■ Exercise objective: Copy out the lines of the material that include the string "Step".

══════

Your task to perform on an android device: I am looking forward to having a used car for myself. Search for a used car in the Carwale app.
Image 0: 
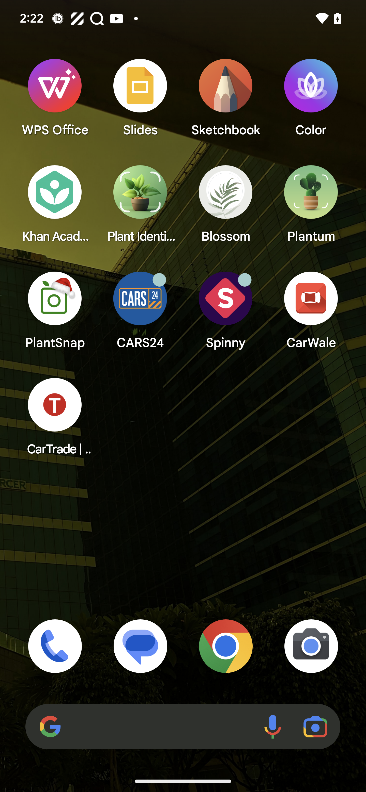
Open Carwale app
Step 0: open app "CarWale"
Image 2: 
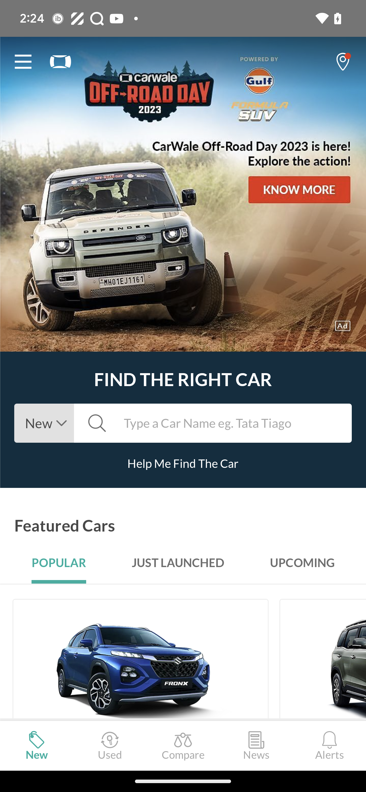
Click on the search bar
Step 2: click (222, 423)
Image 4: 
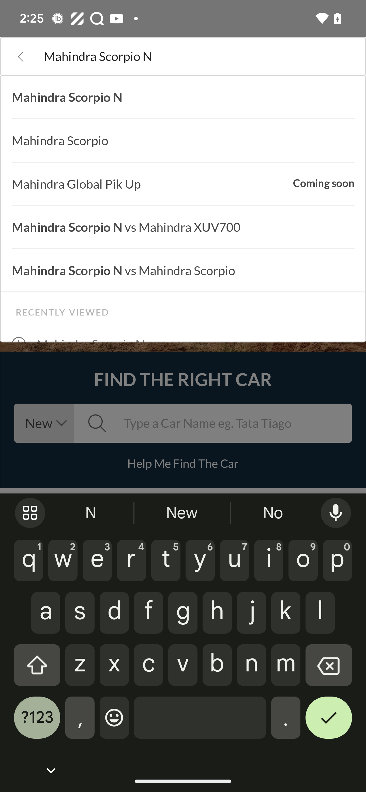
Type Mahindra Scorpio N in the search bar
Step 4: wait

══════

■ Answer for the task:
Step 0: open app "CarWale"
Step 2: click (222, 423)
Step 4: wait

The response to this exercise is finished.